個人的に、初めての一台として最もおすすめしたいのがこのメリタ カリビアです。コーン式臼刃で粒度も均一。なにより「においガードシステム」が優秀で、ホッパー内の豆の酸化や湿気を抑え、最後の一杯まで挽きたての香りを楽しめます。動作音は約70dBとかなり静か。何より、刃とホッパーが簡単に外せて丸洗いできるので、掃除のストレスがゼロ。約1万5千円〜2万円で買える、まさにベストバイです。

Solis Scala Zero Static

1回分ずつ挽く「シングルドーズ」に特化したモデル。最大の特徴は、静電気による粉の飛び散りを防ぐ「イオンテクノロジー」搭載。挽いた粉が受け皿の周りにベタベタつくストレスから解放されます。コンパクトでキッチンに置きやすく、デザインもおしゃれ。

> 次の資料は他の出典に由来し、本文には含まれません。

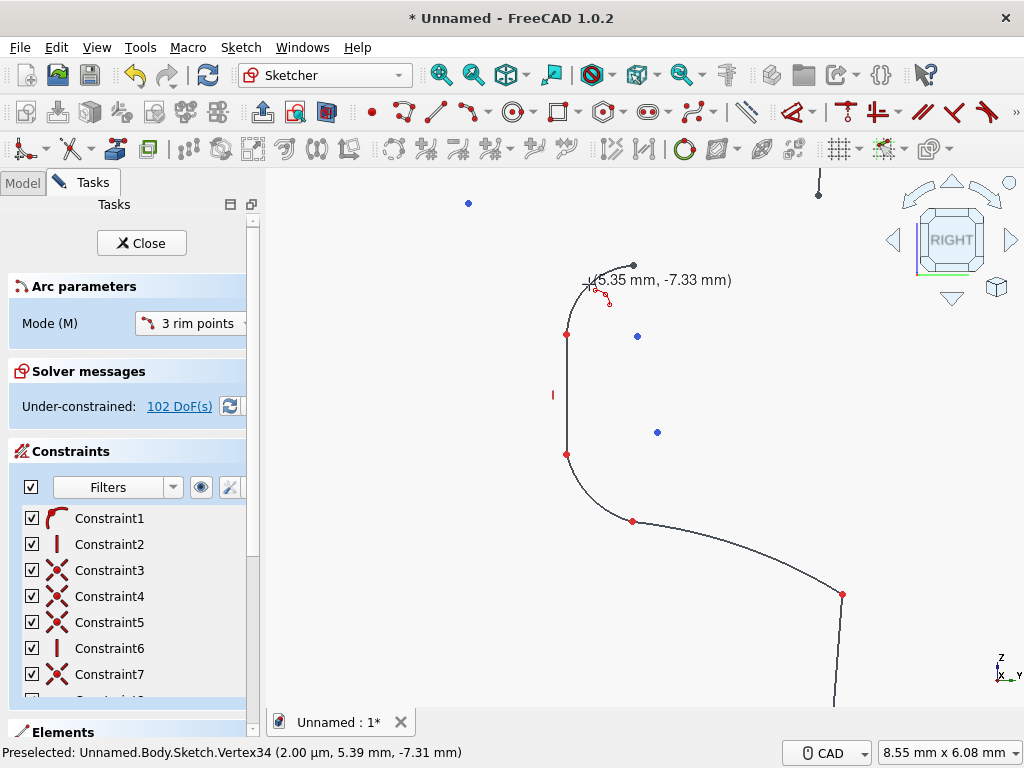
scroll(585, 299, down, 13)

豆を色々試したい人に。約2万円前後です。

まずは試したい。エントリーモデルのおすすめ電動コーヒーミル

「電動ミルってどんな感じ?」と、まずは手頃に始めたい方へ。

山善 電動コーヒーミル

コーン式臼刃を搭載しながら、4,000円〜5,000円で購入できる驚異のコスパモデル。粒度調整も可能で、ドリップ用には十分な性能です。分解掃除が少し手間だったり、上位機種に比べると微粉がやや多い点はご愛嬌。それでも「臼式の味」をこの価格で体験できる価値は大きい。手動ミルからの電動化デビューにぴったりです。

あなたにぴったりの電動コーヒーミルはこれだ

さて、ここまで読んでいただいてありがとうございます。最後に、目的別で選ぶならこれ、というのを整理しますね。

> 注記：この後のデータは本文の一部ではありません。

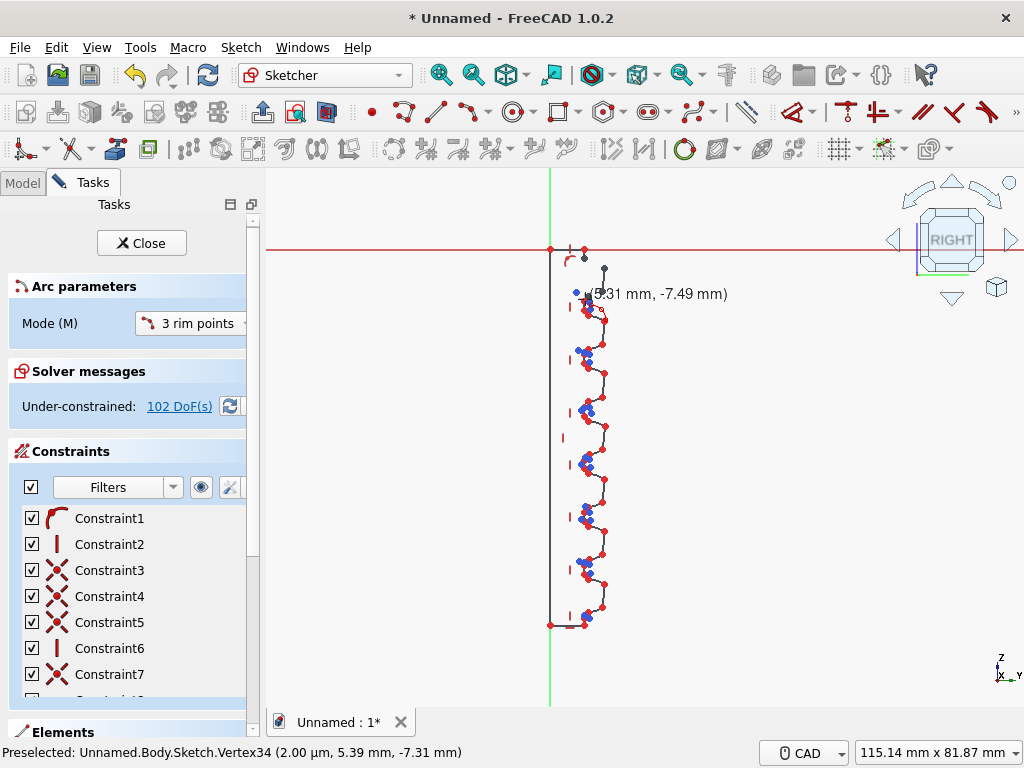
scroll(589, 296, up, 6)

とにかく最高の一杯を、予算に糸目をつけずに追求したい
Niche Duo
クリアで雑味のない、究極の味わいを。

エスプレッソの味を自宅で完璧に仕上げたい
Baratza Sette 270
270段階の微調整で、理想のショットを。

掃除も楽で、香り高く、毎日気持ちよく使いたい
Melitta Calibri
初めての一台にして、長く使えるベストバイ。

コンパクトで、粉の飛び散りもゼロにしたい
Solis Scala Zero Static
シングルドーズ派のストレスフリーな選択。

とにかく安く、電動のラクさと臼式の味を体験したい
山善 電動コーヒーミル
電動ミルデビューに最適な入門機。

電動コーヒーミルがあると、毎朝のルーティンがちょっとしたセレモニーに変わります。挽きたての香りと、均一に挽けた粉から生まれる澄んだ味わいは、一度体験するともう戻れません。

あなたのコーヒーライフが、今日からもっと豊かになりますように。